A questão do exílio, na verdade, está no centro dessa peça, mas só fui capaz de percebê-la quando vi este espetáculo em São Paulo. Ele teve a capacidade de aproximar-se de Stravinsky por meio de um deslocamento: transpondo-a para a América Latina, percebi o que sempre esteve lá na obra concebida na Suíça. Trata-se do efeito próprio da poesia: deslocamento de palavras e imagens para ver melhor o que sempre esteve presente, ou passou a estar sempre presente depois de ter sido visto.
Na poesia, o exílio pode tornar-se lugar de encontro; esse foi impacto da renovada História do Soldado no Festival SESC de Música de Câmara.

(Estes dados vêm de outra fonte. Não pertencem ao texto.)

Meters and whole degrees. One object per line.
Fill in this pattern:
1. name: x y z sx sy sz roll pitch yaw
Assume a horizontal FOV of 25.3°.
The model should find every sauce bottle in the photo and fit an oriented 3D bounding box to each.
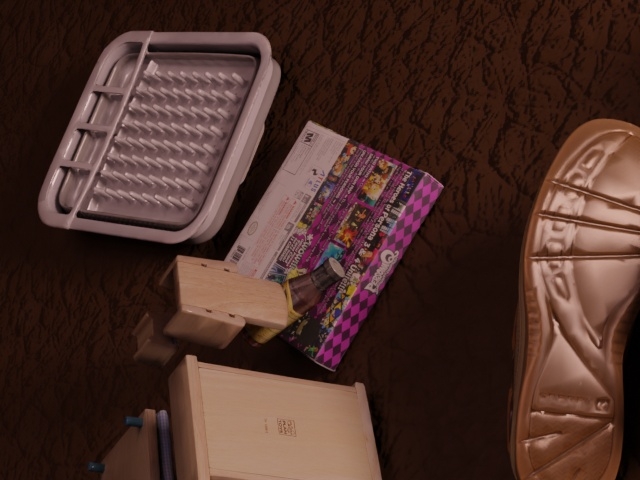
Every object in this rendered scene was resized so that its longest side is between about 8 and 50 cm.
1. sauce bottle: -0.031 0.063 1.498 0.128 0.042 0.042 -38 46 18

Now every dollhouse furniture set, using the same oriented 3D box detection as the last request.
1. dollhouse furniture set: -0.110 0.229 1.483 0.303 0.198 0.286 -50 38 41

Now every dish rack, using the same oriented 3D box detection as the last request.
1. dish rack: -0.195 -0.123 1.794 0.332 0.072 0.286 8 70 44

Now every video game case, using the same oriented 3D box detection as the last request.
1. video game case: 0.000 0.000 1.566 0.210 0.042 0.232 28 86 47

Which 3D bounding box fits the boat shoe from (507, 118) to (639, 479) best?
1. boat shoe: 0.223 0.065 1.264 0.123 0.123 0.342 121 157 -81
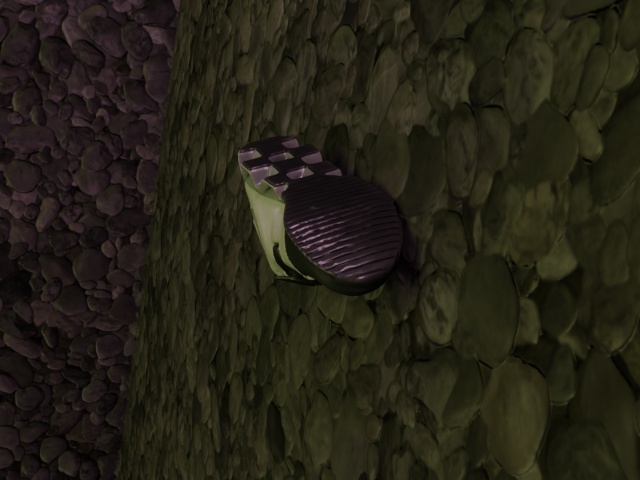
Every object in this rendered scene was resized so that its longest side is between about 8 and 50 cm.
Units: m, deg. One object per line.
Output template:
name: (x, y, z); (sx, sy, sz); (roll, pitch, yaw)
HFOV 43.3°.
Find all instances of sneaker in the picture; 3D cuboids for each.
sneaker: (0.000, 0.000, 0.915); (0.330, 0.122, 0.146); (-128, 29, -58)

P.S.: Eu quase tinha acabado de escrever esta nota quando aconteceu a tentativa de golpe de Estado na Bolívia, felizmente malogrado. Cito a reação de Mamani Magne: "Cada vez que un militar habla de patria cae sangre. Zúñiga habló de patria y dios, la ecuación letal. Hay que cuidar la democracia porque hay que cuidar vidas. No olvidemos que las balas nunca llegan a las cabezas, sino a los más vulnerables".